This project includes a multi-class SVM to classify animal images and object localization code to locate the classified animal frames in the images.
The dataset used for training and testing the classifier is a small subset of ImageNet(400 images for training and 100 images for testing. Train and test datasets are uniform in terms of animal class).
The train and test set images contain images of eagle, dog, cat, tiger, starfish, zebra, bison, antilope, monkey and elephant. The multiclass SVM implementation uses 10 different One-Vs-All SVMs to determine the class of the input image. The hyperparameters of SVMs(kernel type, gamma, C) are optimized using Grid-Search. The feature extraction from the images is done by the ResNet-50 network(pre-trained on the ImageNet dataset in order to extract visual features) and SVMs classify the images based on these features. PyTorch is used as the deep learning framework.

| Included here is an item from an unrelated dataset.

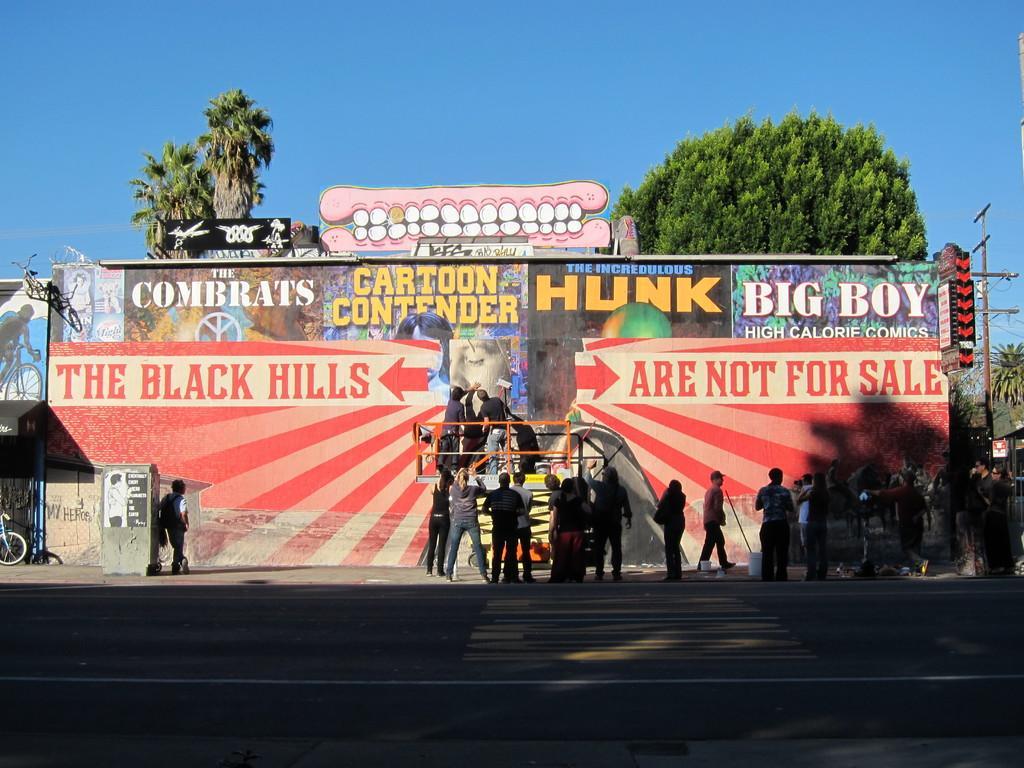Please provide a concise description of this image. In this picture we can see many people standing before a wall with graffiti. Behind it, we have trees.

The candidate windows for object localization are extracted using Edge Boxes method. The MATLAB implementation of the technique is used. The Edge Boxes implementation can be found in https://github.com/pdollar/edges. However, before using this implementation, Piotr's MATLAB Toolbox must be installed must be installed from https://pdollar.github.io/toolbox/.
For quantitative performance evaluation, classification accuracy and localization accuracy are used. Precision and recall for each object type and confusion matrix are computed. For localization accuracy, overlap ratio is used.
For further implementation details and results, refer to "report.pdf".